When there’s not enough pristine habitat left to save an ecosystem, it’s time to take a new look at less-than-perfect places.
When you think of a nature preserve, chances are you picture a tract of pristine, healthy wilderness, set aside in order to protect a functioning ecosystem. But what if not much remains of the ecosystem you want to protect?
A new proposal by an international group of scientists and conservationists is challenging traditional ideas about what’s worth saving when it comes to coral reefs. In 2010, the U.N. Convention on Biological Diversity set a goal of conserving 10 percent of each of the world’s ecological regions, and agencies and governments around the world have set aside areas of healthy coral reef habitat as Marine Protected Areas or MPAs. However, the authors of a new study in the journal Conservation Biology argue that not enough pristine reefs might remain to meet this goal.

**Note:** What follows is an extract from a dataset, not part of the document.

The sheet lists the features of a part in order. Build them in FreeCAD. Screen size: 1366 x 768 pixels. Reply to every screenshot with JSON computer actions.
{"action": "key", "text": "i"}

The solution, they say, is to create new MPAs around degraded reef habitat, building opportunities for restoring and reconnecting reefs instead of simply abandoning these areas as lost forever.

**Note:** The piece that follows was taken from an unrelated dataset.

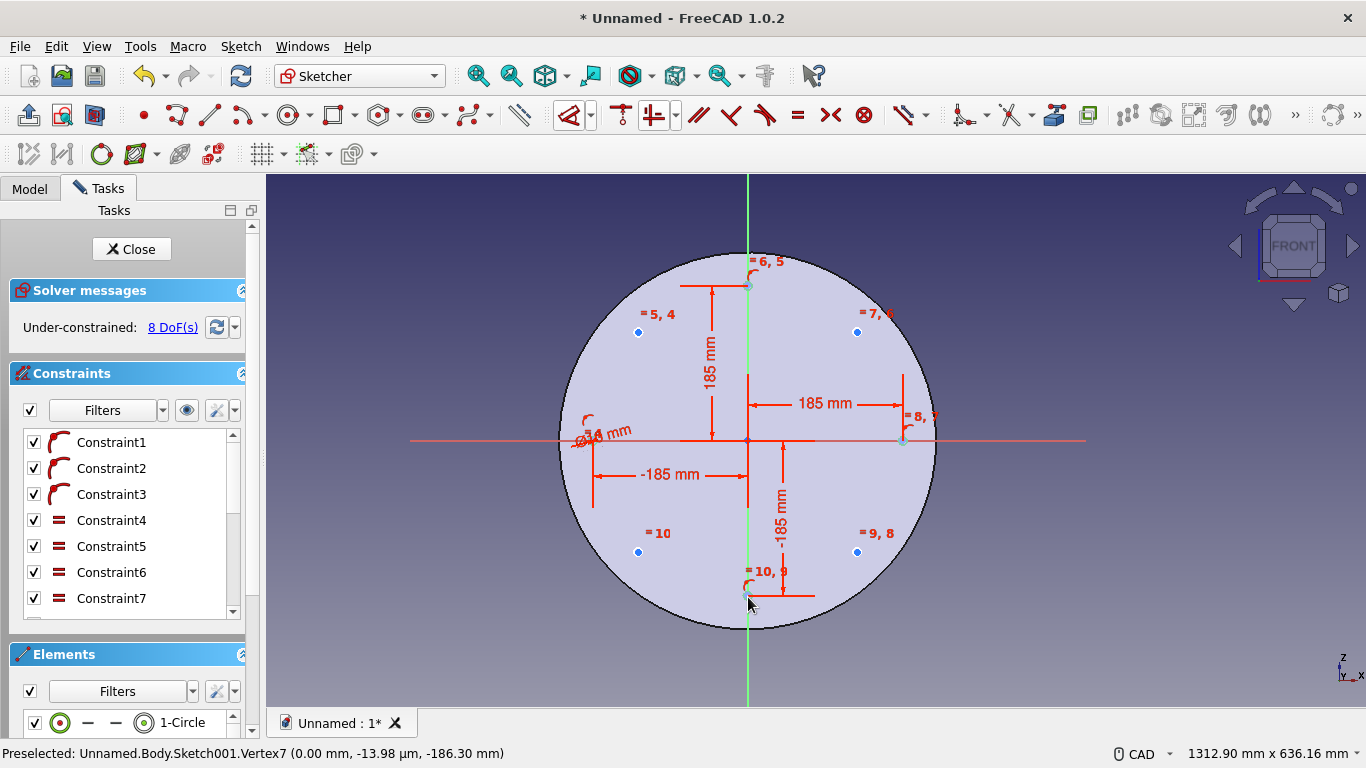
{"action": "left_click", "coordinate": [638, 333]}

Lead author Avigdor Abelson of Tel Aviv University has studied reefs in the Philippines, Vanuatu, Micronesia, Thailand, the Seychelles and many other countries. “In all those places, I saw the devastation of coral reefs,” he says. “In many places, you see more and more attempts at ecological restoration by different environmental organizations and governments, but in most cases these interventions have been applied in places that are not protected. Trying to do restoration where you have ongoing pollution or fishing or destruction of forests in the watershed is completely useless.”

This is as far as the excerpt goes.